Will Ferrell and Adam McKay

A Look At Will Ferrell’s ‘Reagan’ Script Shows Alzheimer’s Would Have Been Handled Tastefully

The news that Will Ferrell would play American president Ronald Reagan, within two days time since it was announced, made headlines again with news that the comedic actor would end up backing out of the deal, according to the Hollywood Reporter.

Those same reports say that this was due to the pressure from the Reagan family and others, who questioned the actor’s views on Alzheimer’s, which The Inquisitr also reported on.

Media sources reported that the script for a satirical comedy called Reagan would focus on the President’s second term as he showed signs of the debilitating disease.

The Reagans stand next to U.S.S. Ronald Reagan model, 1996
The Reagans stand before a model of the U.S.S. Ronald Reagan two years after Ronald Reagan was diagnosed with Alzheimer’s. [Image via Wikimedia| Public Domain]
But the Hollywood Reporter points out that, according to a rep for Will Ferrell, he had never officially finalized a deal to do the project and had only considered it.

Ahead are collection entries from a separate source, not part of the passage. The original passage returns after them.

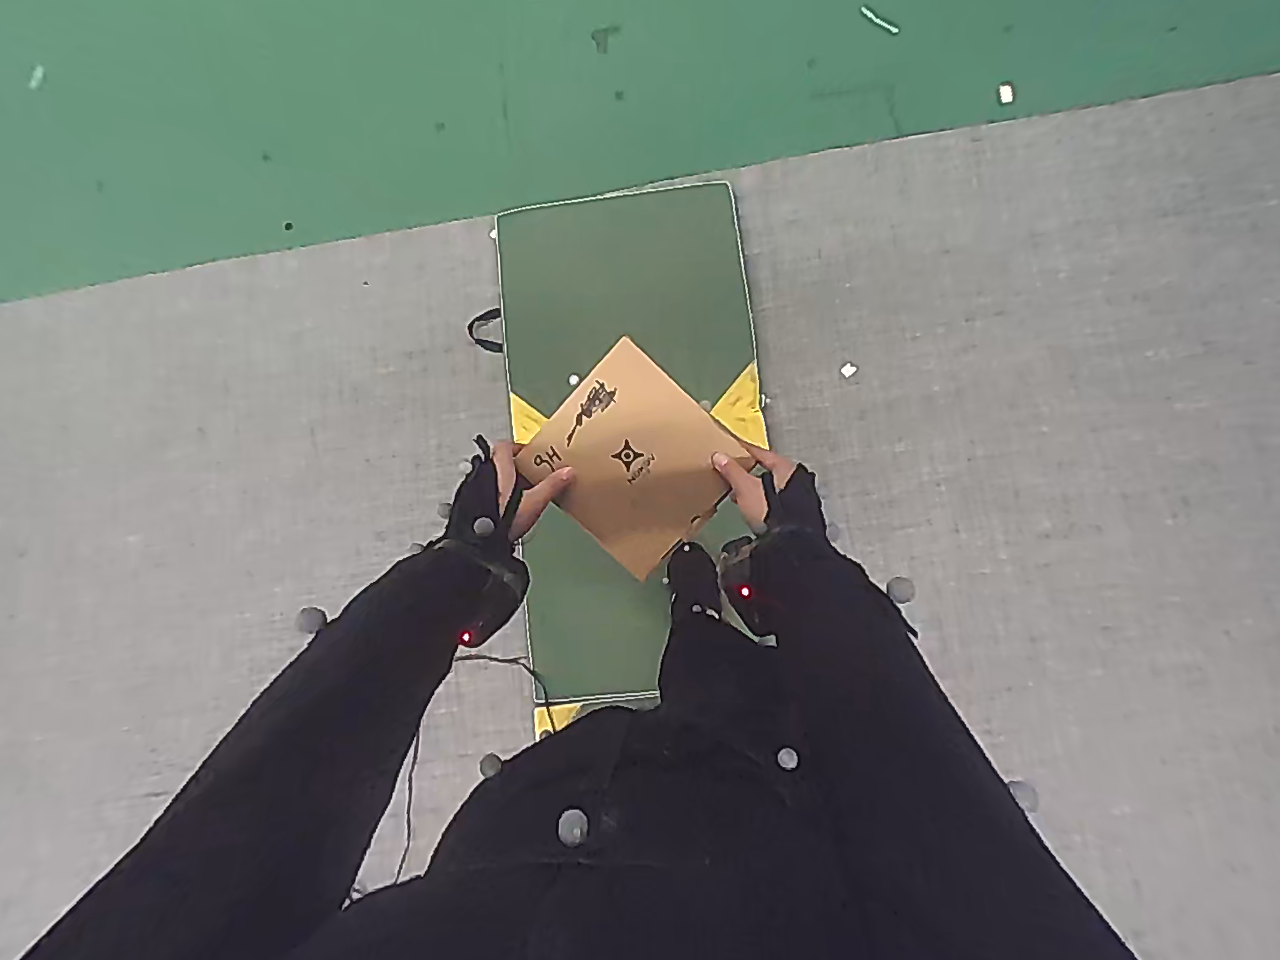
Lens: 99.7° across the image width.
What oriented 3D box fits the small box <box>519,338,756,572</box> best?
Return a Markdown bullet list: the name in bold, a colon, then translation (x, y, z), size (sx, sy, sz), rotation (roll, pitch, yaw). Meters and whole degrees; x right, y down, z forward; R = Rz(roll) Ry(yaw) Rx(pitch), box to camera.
- **small box**: translation (0.001, -0.033, 0.604), size (0.179, 0.176, 0.168), rotation (43, 97, -3)
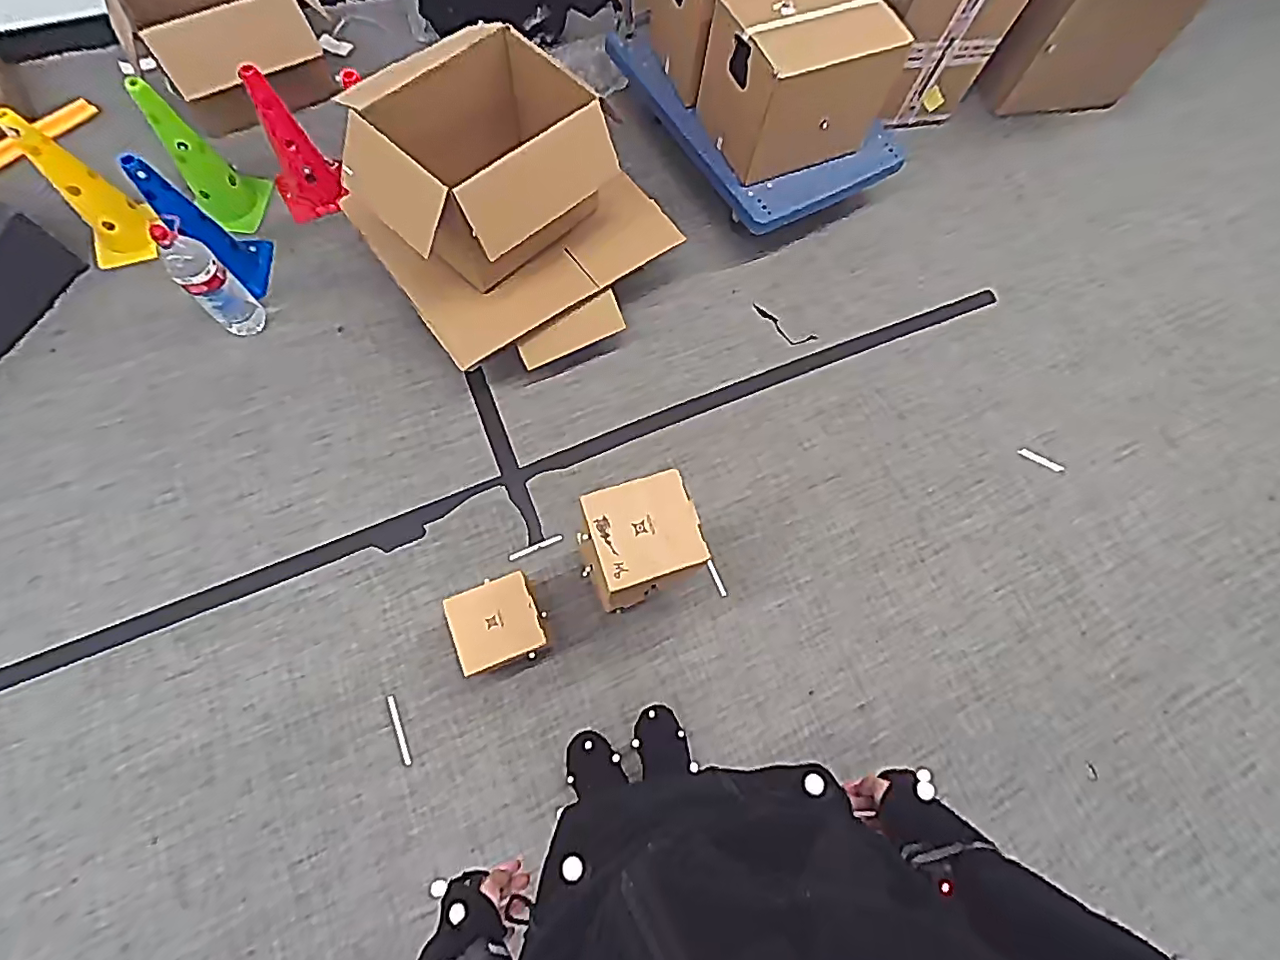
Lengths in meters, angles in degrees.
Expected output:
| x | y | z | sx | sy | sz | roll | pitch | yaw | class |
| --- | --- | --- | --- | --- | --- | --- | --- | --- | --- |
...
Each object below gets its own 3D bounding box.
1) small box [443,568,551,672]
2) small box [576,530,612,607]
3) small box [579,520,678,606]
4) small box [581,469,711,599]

“The Reagan script is one of a number of scripts that had been submitted to Will Ferrell which he had considered. While it is by no means an ‘Alzheimer’s comedy’ as has been suggested, Mr. Ferrell is not pursuing this project.”

Thus far, the media has reported that the former President’s daughter, Patti Davis, wrote and published an open letter on her site addressed to Will Ferrell over his consideration, but she also told Page Six what she thought of it.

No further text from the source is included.